(Collected data)
========

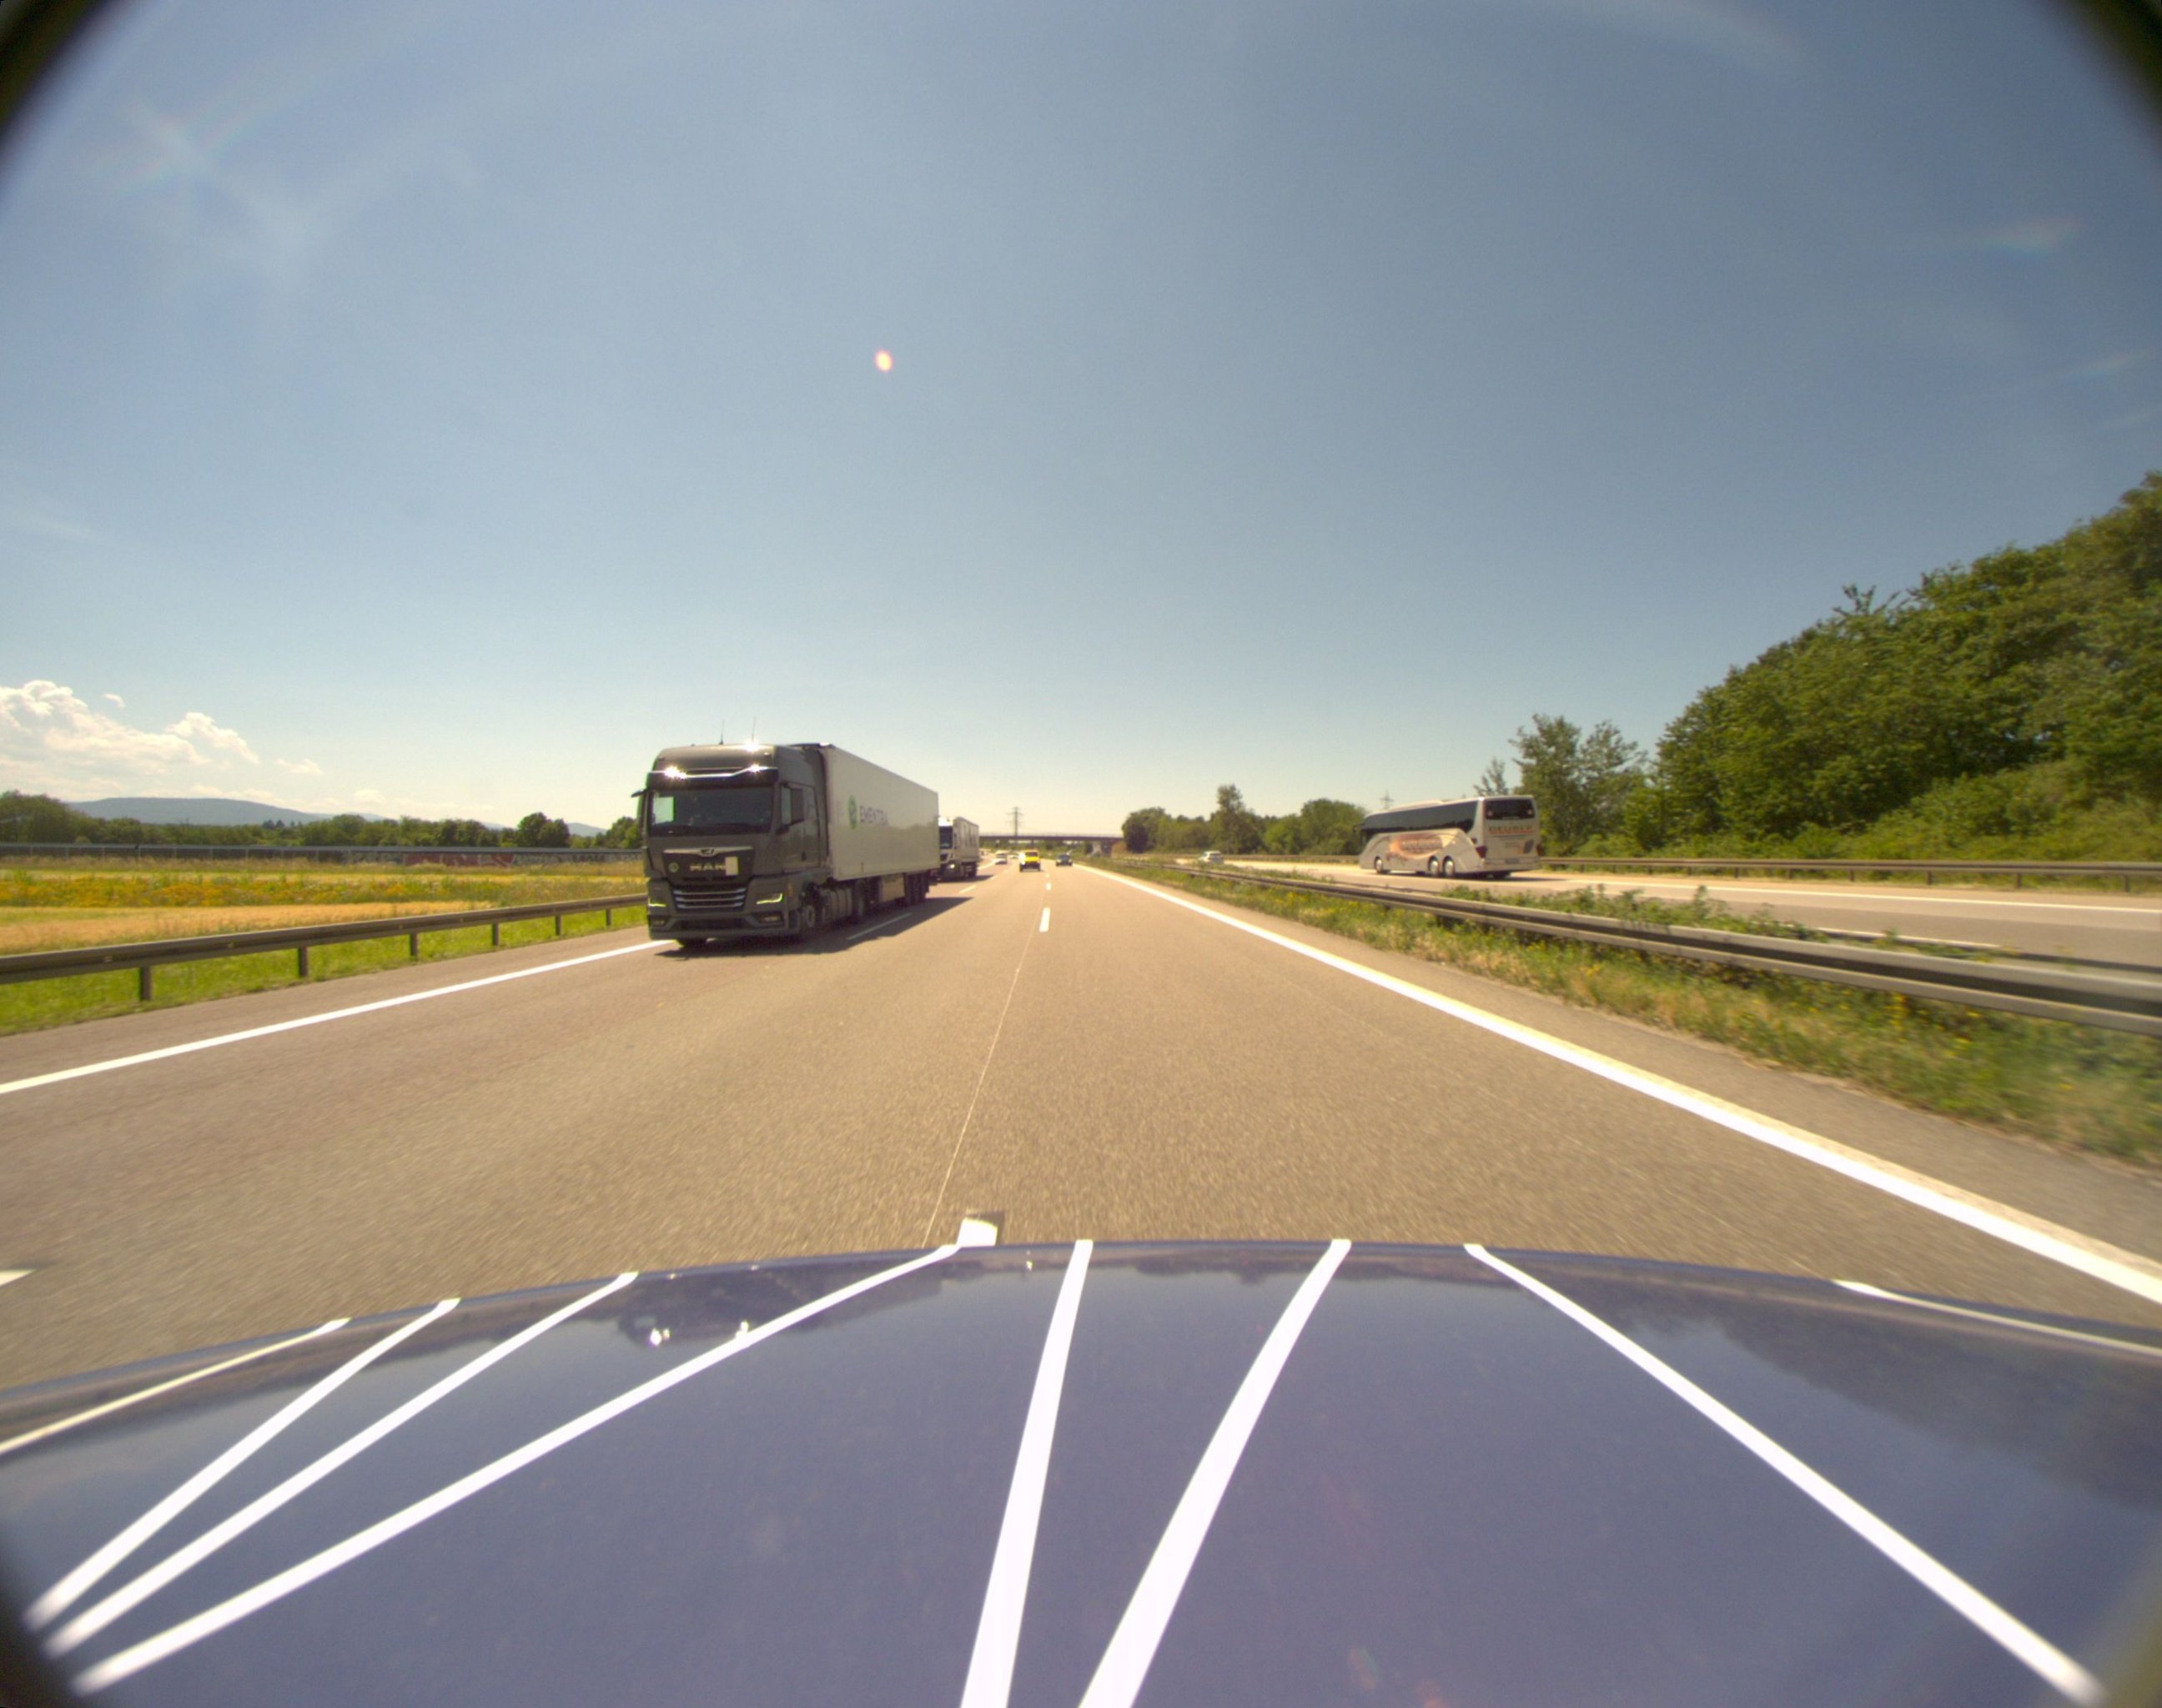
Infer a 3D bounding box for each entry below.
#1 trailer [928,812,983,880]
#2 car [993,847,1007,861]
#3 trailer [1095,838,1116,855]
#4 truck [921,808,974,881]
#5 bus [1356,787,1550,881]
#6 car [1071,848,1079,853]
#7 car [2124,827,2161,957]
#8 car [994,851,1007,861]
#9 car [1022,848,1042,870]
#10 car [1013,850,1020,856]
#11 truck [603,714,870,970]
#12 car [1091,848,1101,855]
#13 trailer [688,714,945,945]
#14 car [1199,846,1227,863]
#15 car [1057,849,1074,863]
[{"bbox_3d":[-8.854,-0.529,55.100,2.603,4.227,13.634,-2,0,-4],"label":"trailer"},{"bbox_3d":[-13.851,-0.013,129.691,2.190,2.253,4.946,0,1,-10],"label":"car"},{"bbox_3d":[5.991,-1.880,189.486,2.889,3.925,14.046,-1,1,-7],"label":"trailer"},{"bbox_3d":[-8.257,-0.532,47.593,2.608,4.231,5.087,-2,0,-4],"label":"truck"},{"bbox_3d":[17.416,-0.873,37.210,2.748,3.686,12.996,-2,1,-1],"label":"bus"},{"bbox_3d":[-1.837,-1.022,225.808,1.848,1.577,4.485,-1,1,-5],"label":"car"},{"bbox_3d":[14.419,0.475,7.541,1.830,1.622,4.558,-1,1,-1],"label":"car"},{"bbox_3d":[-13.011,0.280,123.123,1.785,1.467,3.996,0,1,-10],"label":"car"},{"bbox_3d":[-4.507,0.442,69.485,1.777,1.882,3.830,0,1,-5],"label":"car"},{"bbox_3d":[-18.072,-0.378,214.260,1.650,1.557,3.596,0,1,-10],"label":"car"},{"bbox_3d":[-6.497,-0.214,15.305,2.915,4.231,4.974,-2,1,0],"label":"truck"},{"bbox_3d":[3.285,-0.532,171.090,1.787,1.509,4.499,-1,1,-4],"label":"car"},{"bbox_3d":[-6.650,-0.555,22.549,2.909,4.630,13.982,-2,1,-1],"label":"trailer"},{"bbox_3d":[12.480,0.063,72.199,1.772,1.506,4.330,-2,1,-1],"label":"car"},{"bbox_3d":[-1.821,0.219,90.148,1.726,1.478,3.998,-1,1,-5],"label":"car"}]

========

What you will do: Nothing but the lines from the first line of the data through the line with "#14 car [1199,846,1227,863]" belongs in the answer, copied exactly and without pictures.

Task response:
Infer a 3D bounding box for each entry below.
#1 trailer [928,812,983,880]
#2 car [993,847,1007,861]
#3 trailer [1095,838,1116,855]
#4 truck [921,808,974,881]
#5 bus [1356,787,1550,881]
#6 car [1071,848,1079,853]
#7 car [2124,827,2161,957]
#8 car [994,851,1007,861]
#9 car [1022,848,1042,870]
#10 car [1013,850,1020,856]
#11 truck [603,714,870,970]
#12 car [1091,848,1101,855]
#13 trailer [688,714,945,945]
#14 car [1199,846,1227,863]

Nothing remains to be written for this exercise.